I can say these things because I've done them (not the modeling, obviously, I already said I play video games). When it comes to writing, I've either done the writing myself or managed those who do. I didn't come up with any of these methods, I learned them from old-timers. The Internet just makes applying these concepts easier. Where there is a community, it is someone's job to effectively speak to that community on behalf of a product or service.

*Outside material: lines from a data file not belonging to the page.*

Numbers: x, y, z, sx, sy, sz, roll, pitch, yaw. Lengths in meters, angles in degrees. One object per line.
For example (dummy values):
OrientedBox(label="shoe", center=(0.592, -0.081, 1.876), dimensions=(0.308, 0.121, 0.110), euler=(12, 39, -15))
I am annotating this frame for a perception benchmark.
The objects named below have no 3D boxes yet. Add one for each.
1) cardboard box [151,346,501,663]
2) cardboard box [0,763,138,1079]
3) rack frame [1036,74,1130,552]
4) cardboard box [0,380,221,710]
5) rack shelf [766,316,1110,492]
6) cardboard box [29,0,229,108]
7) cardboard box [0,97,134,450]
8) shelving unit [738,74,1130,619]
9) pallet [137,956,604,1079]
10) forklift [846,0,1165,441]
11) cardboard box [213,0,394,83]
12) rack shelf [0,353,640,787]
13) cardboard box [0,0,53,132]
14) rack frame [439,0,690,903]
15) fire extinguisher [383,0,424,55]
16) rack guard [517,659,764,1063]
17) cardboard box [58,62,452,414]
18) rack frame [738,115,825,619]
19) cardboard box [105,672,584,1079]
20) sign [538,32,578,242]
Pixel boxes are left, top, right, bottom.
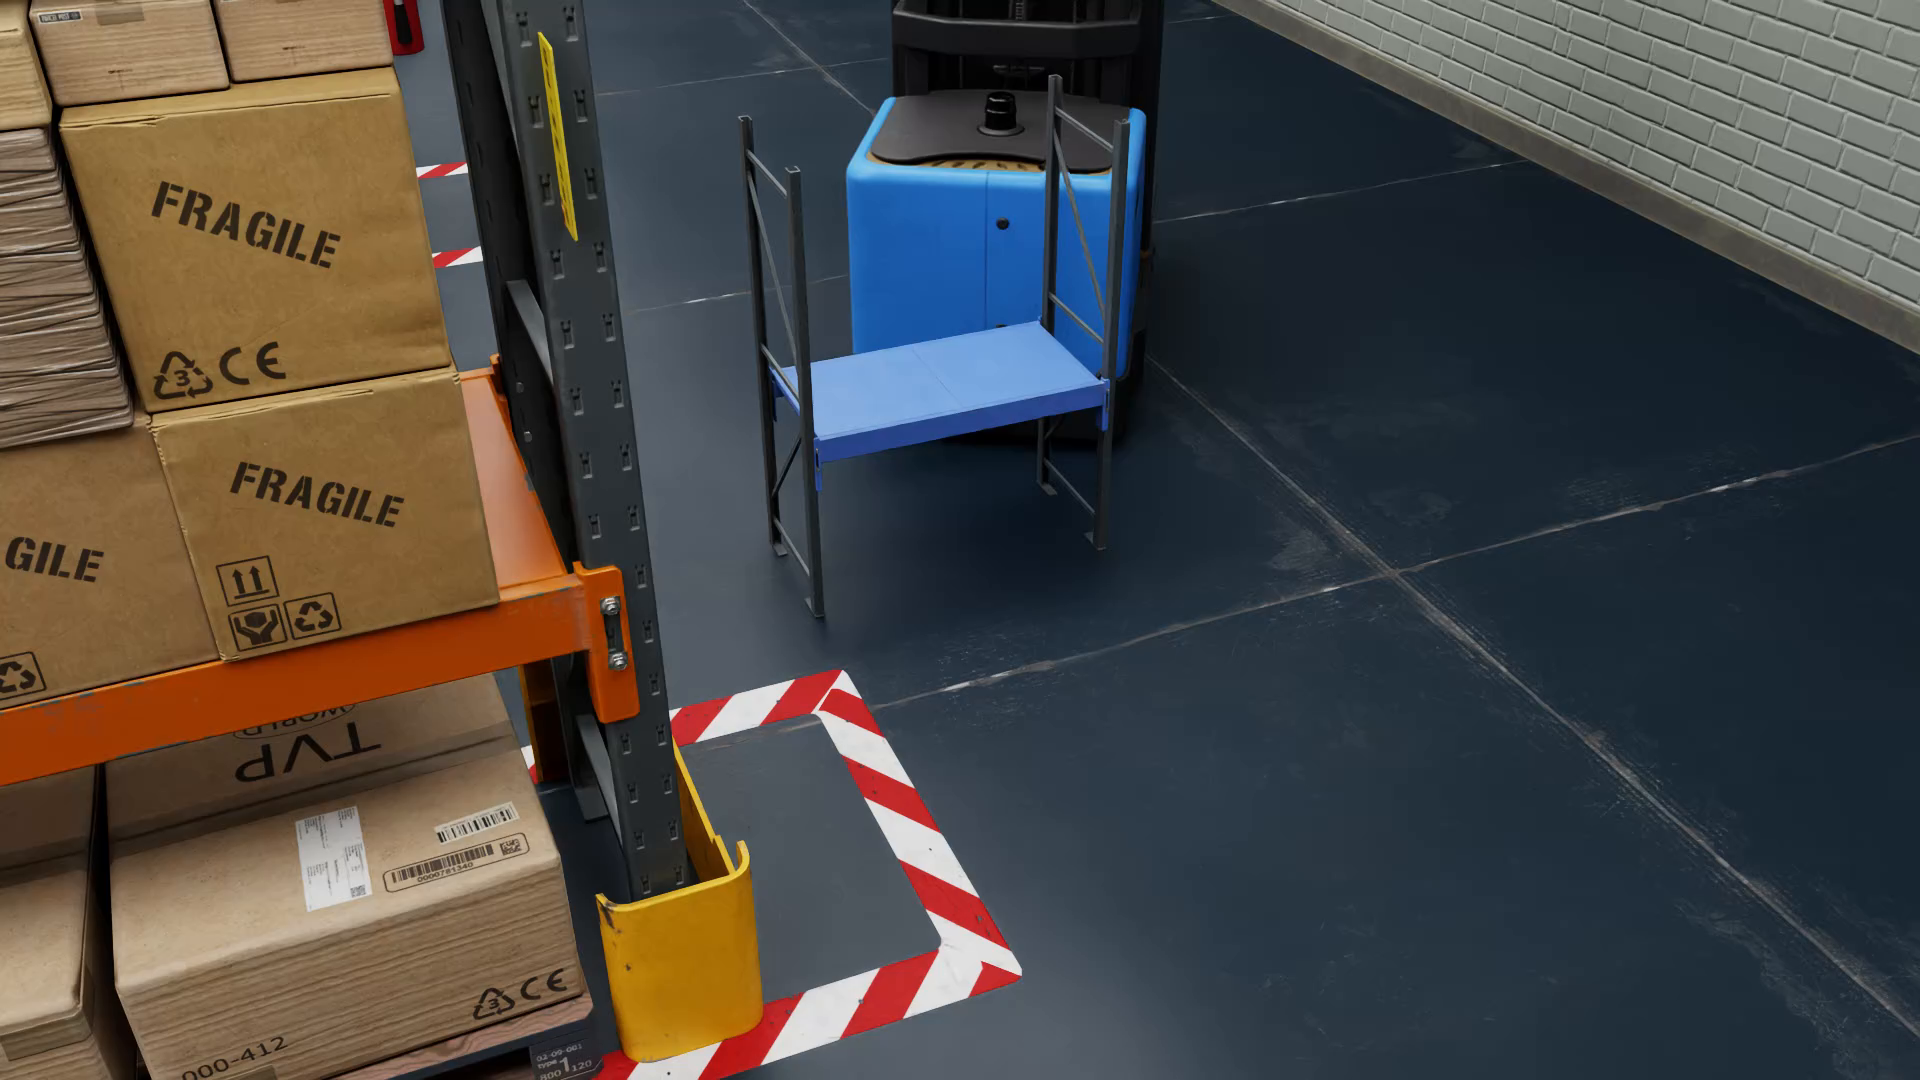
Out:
OrientedBox(label="cardboard box", center=(-1.201, -0.159, 3.152), dimensions=(0.500, 0.500, 0.500), euler=(-13, 35, -19))
OrientedBox(label="cardboard box", center=(-2.269, 0.933, 3.529), dimensions=(0.875, 0.438, 0.875), euler=(-12, 35, -18))
OrientedBox(label="rack frame", center=(0.390, -0.718, 5.478), dimensions=(0.032, 1.500, 0.500), euler=(-13, 35, -19))
OrientedBox(label="cardboard box", center=(-1.670, -0.060, 3.001), dimensions=(0.500, 0.500, 0.500), euler=(-14, 35, -20))
OrientedBox(label="rack shelf", center=(-0.079, -0.460, 5.411), dimensions=(1.000, 0.185, 0.538), euler=(-13, 35, -19))
OrientedBox(label="cardboard box", center=(-1.337, -0.842, 2.691), dimensions=(0.250, 0.149, 0.380), euler=(-12, 35, -18))
OrientedBox(label="cardboard box", center=(-1.682, -0.466, 2.707), dimensions=(0.500, 0.500, 0.500), euler=(-13, 35, -19))
OrientedBox(label="shelving unit", center=(-0.079, -0.611, 5.313), dimensions=(1.048, 1.500, 0.538), euler=(-13, 35, -19))
OrientedBox(label="pallet", center=(-1.566, 1.025, 3.981), dimensions=(1.213, 0.211, 1.003), euler=(-13, 35, -19))
OrientedBox(label="forklift", center=(0.304, -2.388, 6.732), dimensions=(1.130, 2.935, 3.031), euler=(4, 33, 7))
OrientedBox(label="cardboard box", center=(-1.112, -0.908, 2.792), dimensions=(0.250, 0.149, 0.380), euler=(-12, 35, -18))
OrientedBox(label="rack shelf", center=(-2.703, 0.372, 3.087), dimensions=(4.000, 0.370, 1.077), euler=(-13, 35, -19))
OrientedBox(label="cardboard box", center=(-1.542, -0.746, 2.542), dimensions=(0.250, 0.149, 0.380), euler=(-13, 35, -19))
OrientedBox(label="rack frame", center=(-0.859, -0.352, 3.540), dimensions=(0.127, 3.000, 1.000), euler=(-13, 35, -19))
OrientedBox(label="fire extinguisher", center=(-2.457, -2.452, 7.181), dimensions=(0.183, 0.674, 0.296), euler=(-13, 35, -19))
OrientedBox(label="rack guard", center=(-0.837, 0.691, 4.230), dimensions=(0.348, 0.500, 1.175), euler=(-13, 35, -19))
OrientedBox(label="cardboard box", center=(-1.211, -0.591, 2.900), dimensions=(0.500, 0.500, 0.500), euler=(-12, 35, -17))
OrientedBox(label="rack frame", center=(-0.547, -0.503, 5.148), dimensions=(0.032, 1.500, 0.500), euler=(-13, 35, -19))
OrientedBox(label="cardboard box", center=(-1.428, 0.736, 3.833), dimensions=(0.875, 0.438, 0.875), euler=(-14, 36, -21))
OrientedBox(label="sign", center=(-0.661, -0.660, 2.736), dimensions=(0.005, 0.325, 0.100), euler=(-13, 35, -19))

These methods are sneaky, sure, but how different is it from paying a celebrity to say his new five bladed razor is the greatest thing that ever happened to his face? Did Michael Jordan wear Nikes because they were the best shoes or because it was his job? If you want to be like Mike, you might buy his shoes. If you want to get a better look at the hot chick (or you want to look like the hot chick), you'll spend more time in the GAP and might buy something. If you really think Ethel in Anaheim doesn't like the new property tax and she makes a good point, you might rethink your position.
A direct product endorsement is different than a seemingly 'average joe' endorsement, of course. The principle is the same, however. You don't know Ethel any more or less than you know Michael Jordan, and so you trust either at your peril.
Most of us have our own balance between healthy skepticism and destructive cynicism, while some people have neither and believe everything they read. But taking for granted that posters on an online message board are sincere is less a sign that the companies are sinister and more that the gaming community is a lot less grown up than we care to think. The examples cited by you and Penny Arcade are so blatant and poorly executed that it makes these companies look like amateurs. If anything, you'll see much less of this as the game industry gets better at doing what other businesses having been doing for a long time.
I could ramble forever - spend five minutes in an EB Games and then tell me they don't need to place more attractive shoppers! The bottom line is there are about 11,000 radio stations in the U.S., 1,400 newspapers, less than dozen TV stations (that matter) and who knows how many movie studios (I don't keep track of the buyouts anymore) and all of that is controlled by a group of less than 50 people. Those people don't get paid by viewers, they get paid by advertisers. The Internet is just another tool.